Facendo eco ai commenti di Bostic, il presidente della Fed di Minneapolis Neel Kashkari ha dichiarato giovedì che la Fed è ancora “piuttosto lontana” dal porre fine ai suoi aumenti dei tassi di interesse.

“Abbiamo ancora molto lavoro da fare”, ha dichiarato in occasione di una conferenza organizzata dalla Bremer Financial Corporation. “Finché non vedrò qualche prova che l’inflazione ha raggiunto un picco e si spera che torni a scendere, non sono pronto a dichiarare una pausa“.

Anche la presidente della Fed di Cleveland, Loretta Mester, ha ripetutamente sostenuto che la Fed dovrebbe continuare ad aumentare i tassi di interesse. Proprio la settimana scorsa, la Mester ha dichiarato alla Cnbc che il mercato del lavoro è ancora caldo e che non ha visto abbastanza segnali di rallentamento dell’inflazione per cambiare le sue opinioni.

Con diversi funzionari della Fed che affermano che i rialzi dei tassi continueranno fino a quando l’inflazione non diminuirà drasticamente, è probabile che gli americani e il mercato azionario continueranno a soffrire per un po’ di tempo.

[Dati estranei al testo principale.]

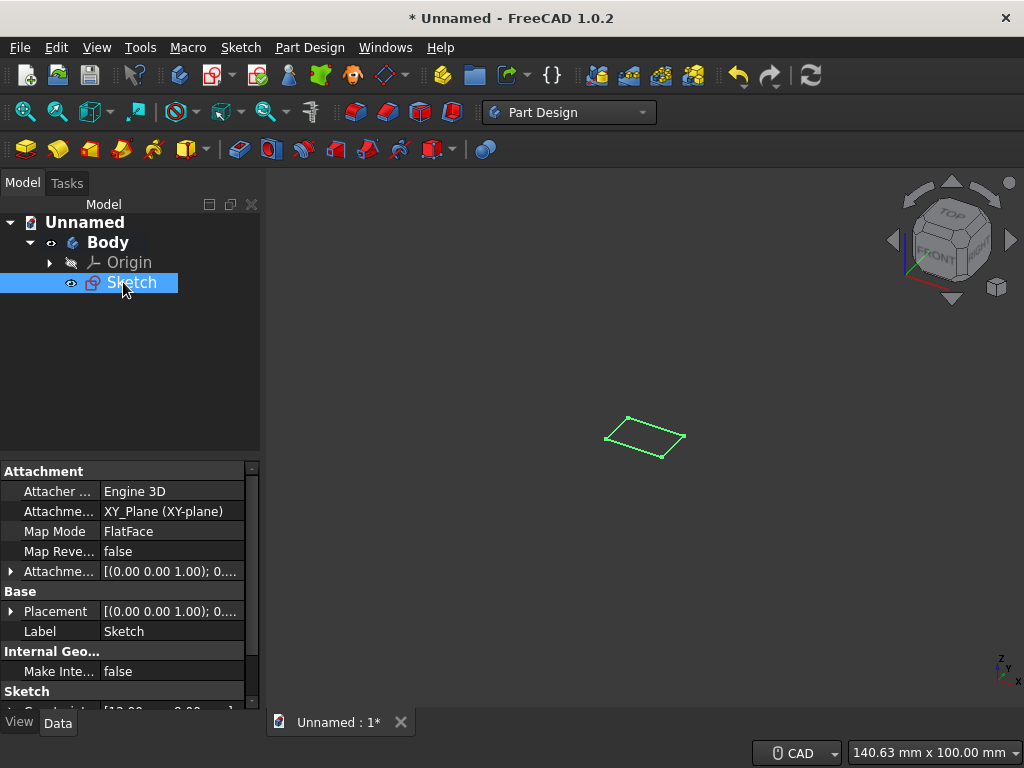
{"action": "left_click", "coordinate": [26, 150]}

“Come ha notato il presidente [Jerome Powell], potrebbe esserci una sofferenza a breve termine”, ha ammesso Bostic nel suo discorso di mercoledì. “Questo potrebbe essere lo sfortunato costo della riduzione dell’inflazione. Tuttavia, non riuscire a ripristinare la stabilità dei prezzi, ora porterebbe solo a sofferenze peggiori in seguito, come dimostra il lavoro del nostro staff sulla Grande Inflazione”.